Выбрать главу

Снова, как и прошлым летом в это время, жалко, что так мало я пользовался окрестной красой, слишком много просиживал в хате над книгами... Недобор? Пусть повторяется — хоть на сто лет!

...А перед сном, в кровати, вздрогнул, отчетливо представив себя в длиннющем гробу... Потом сразу, почти отчетливо, вспомнились те поляки (много читал и слышал об этом) которым, после гестаповских пыток, перед расстрелом забивали рты гипсом

Что ж, «куда ночь — туда и сон». И для меня вот пришло оно — светлое утро. Однако же не надо и забывать, что́ нас, возможно, ждет, что́ нам готовят,— и во всю силу, на которую способен человек...

Припомнилось и кое-что из того, что пишется про войну теми, кто знает ее (скажем, Быков),— не просто лучшая или худшая литература, а память, живая кровавая память...
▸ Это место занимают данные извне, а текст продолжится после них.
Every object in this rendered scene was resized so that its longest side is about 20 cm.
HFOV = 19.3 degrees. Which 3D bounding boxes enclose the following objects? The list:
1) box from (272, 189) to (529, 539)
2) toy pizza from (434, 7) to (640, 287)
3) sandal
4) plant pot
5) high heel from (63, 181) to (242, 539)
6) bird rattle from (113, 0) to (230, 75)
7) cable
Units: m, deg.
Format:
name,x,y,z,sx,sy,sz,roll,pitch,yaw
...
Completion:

...Вчера с интересом прочитал энергичную книжку про Ленина-читателя и, прикоснувшись к такой впервые, будто и сам помолодел — для работы, для жизни.

***

Э. Капиев, «Фронтовые записки».

А если бы он не погиб,— неужели не печатал бы своих заметок? Неужели они тогда были бы менее правдивыми? «Доработал» бы он их или печатал бы так?

Все-таки он писал это, думал напечатать, не думал, что сам обязательно погибнет. Писал, потому что не мог не писать.
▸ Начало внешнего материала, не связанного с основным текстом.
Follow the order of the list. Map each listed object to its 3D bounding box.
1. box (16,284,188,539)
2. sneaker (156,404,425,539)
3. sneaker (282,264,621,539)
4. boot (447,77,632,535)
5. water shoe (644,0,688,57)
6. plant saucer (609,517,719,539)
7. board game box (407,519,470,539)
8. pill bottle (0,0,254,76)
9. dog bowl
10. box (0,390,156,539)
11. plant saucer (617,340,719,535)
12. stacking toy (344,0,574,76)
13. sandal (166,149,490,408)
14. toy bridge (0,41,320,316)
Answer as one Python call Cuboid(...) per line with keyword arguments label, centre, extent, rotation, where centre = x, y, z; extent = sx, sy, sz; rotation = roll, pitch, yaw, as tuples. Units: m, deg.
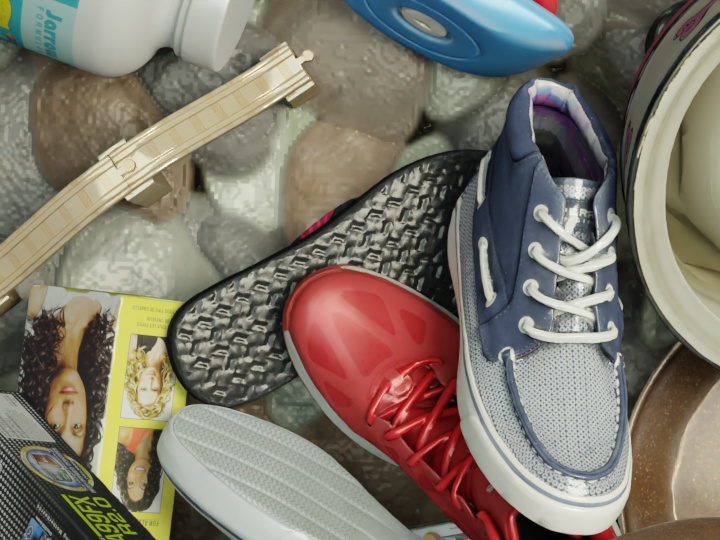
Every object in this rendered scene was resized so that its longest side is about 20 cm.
Cuboid(label="box", centre=(-0.127, 0.109, 1.221), extent=(0.075, 0.050, 0.201), rotation=(4, 87, 47))
Cuboid(label="sneaker", centre=(-0.014, 0.139, 1.178), extent=(0.200, 0.073, 0.071), rotation=(36, 120, 8))
Cuboid(label="sneaker", centre=(0.049, 0.072, 1.150), extent=(0.200, 0.116, 0.078), rotation=(42, 85, -2))
Cuboid(label="boot", centre=(0.081, 0.011, 1.118), extent=(0.073, 0.090, 0.200), rotation=(4, 44, -17))
Cuboid(label="water shoe", centre=(0.230, -0.092, 1.201), extent=(0.199, 0.079, 0.072), rotation=(-1, 88, 4))
Cuboid(label="plant saucer", centre=(0.111, 0.167, 1.129), extent=(0.200, 0.200, 0.035), rotation=(-32, 56, 3))
Cuboid(label="board game box", centre=(0.008, 0.187, 1.229), extent=(0.199, 0.035, 0.127), rotation=(-12, 87, 4))
Cuboid(label="pill bottle", centre=(-0.147, -0.158, 1.217), extent=(0.200, 0.111, 0.111), rotation=(20, 89, 6))
Cuboid(label="dog bowl", centre=(0.202, -0.051, 1.136), extent=(0.200, 0.074, 0.201), rotation=(-5, 114, -10))
Cuboid(label="box", centre=(-0.151, 0.171, 1.167), extent=(0.200, 0.044, 0.160), rotation=(42, 111, 39))
Cuboid(label="plant saucer", centre=(0.218, 0.103, 1.216), extent=(0.200, 0.037, 0.201), rotation=(0, 87, 4))
Cuboid(label="stacking toy", centre=(0.073, -0.197, 1.215), extent=(0.116, 0.110, 0.200), rotation=(30, 78, -14))
Cuboid(label="sandal", centre=(0.000, 0.000, 1.227), extent=(0.200, 0.045, 0.075), rotation=(-25, 98, -10))
Cuboid(label="toy bridge", centre=(-0.104, -0.045, 1.232), extent=(0.200, 0.067, 0.027), rotation=(-35, 85, 3))

То отличное, настоящее между прочим, а то иногда и литература,— значительно хуже.

«В записную книжку надо записывать не факты и не пейзажи, а мысли. Мысли приходят и уходят бесследно, а факты остаются, их можно, наконец, выдумать, мысли же не повторяются, и то, что вчера волновало, ныне забыто и потеряно навсегда.

...Искренность — это бог честных натур, и молиться и обращаться к нему есть их насущная потребность, хотя они и грешили на людях сознательно или по нужде.

...Идешь, идешь — о, хоть бы в конце пути был Великий океан, в который можно бы нырнуть, очиститься от скверны, от лжи, от боли, от горя!..»

Читалось в эти дни охотно. Сначала Энгельс, «Происхождение семьи, частной собственности и государства», а потом Капиев. В удовольствие читалось, как будто не начитался за век.

***

В новых рассказах — оторваться от самого себя, от своей биографии, от тех «помню», «вспоминаю», в чем меня, переводя «Байдуны», справедливо упрекал Ковалев.

***

В том, что память слабеет с годами, тоже есть своя положительная сторона: давние письма и записи читаются с большим интересом.

***

Перелистывая «На каждый день».

Я это в свое время читал, как и «Круг чтения» и «Путь жизни». И подумалось теперь, что некоторые мои мысли (в записях), возможно, чем-то идут и оттуда...

А как разобраться, что это — только и только твое?

...И опять он, Толстой:

«Личное — субъективное хорошо только тогда, когда оно полно жизни и страсти».